[Collection entries]

============

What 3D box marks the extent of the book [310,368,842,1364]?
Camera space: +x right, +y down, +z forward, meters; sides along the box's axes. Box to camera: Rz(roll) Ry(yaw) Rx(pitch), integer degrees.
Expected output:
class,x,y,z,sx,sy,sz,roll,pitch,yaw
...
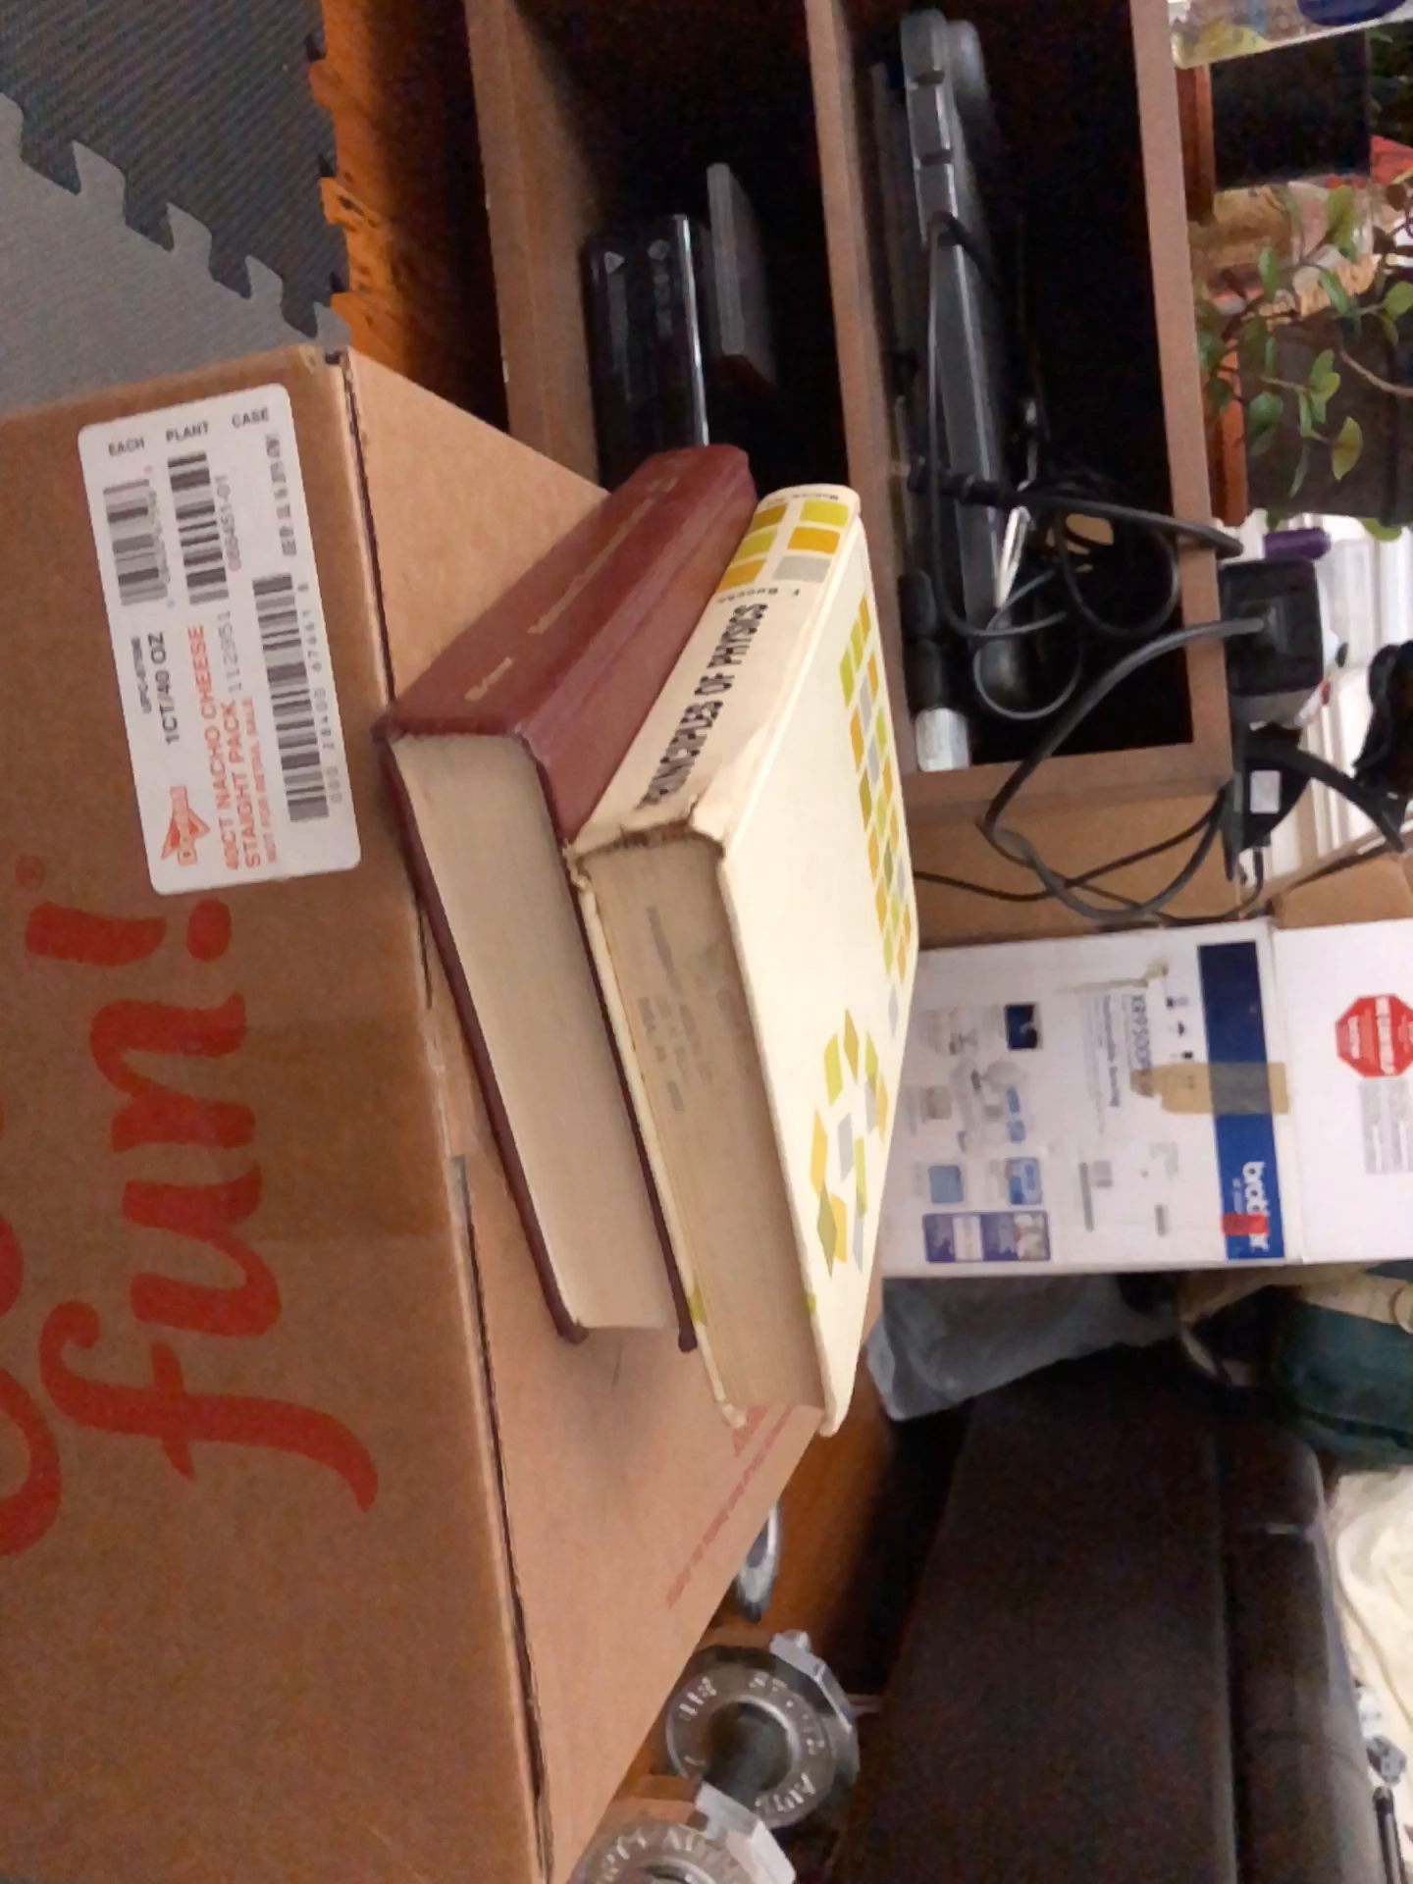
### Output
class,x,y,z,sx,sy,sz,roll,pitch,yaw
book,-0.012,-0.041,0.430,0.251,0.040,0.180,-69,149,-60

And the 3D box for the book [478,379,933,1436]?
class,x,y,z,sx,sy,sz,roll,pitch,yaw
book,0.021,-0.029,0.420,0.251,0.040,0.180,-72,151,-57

============

What this task involves – Your answer must consist of the entries, unchanged, with no pictures in it.

Output of the task –
What 3D box marks the extent of the book [310,368,842,1364]?
Camera space: +x right, +y down, +z forward, meters; sides along the box's axes. Box to camera: Rz(roll) Ry(yaw) Rx(pitch), integer degrees.
Expected output:
class,x,y,z,sx,sy,sz,roll,pitch,yaw
...
### Output
class,x,y,z,sx,sy,sz,roll,pitch,yaw
book,-0.012,-0.041,0.430,0.251,0.040,0.180,-69,149,-60

And the 3D box for the book [478,379,933,1436]?
class,x,y,z,sx,sy,sz,roll,pitch,yaw
book,0.021,-0.029,0.420,0.251,0.040,0.180,-72,151,-57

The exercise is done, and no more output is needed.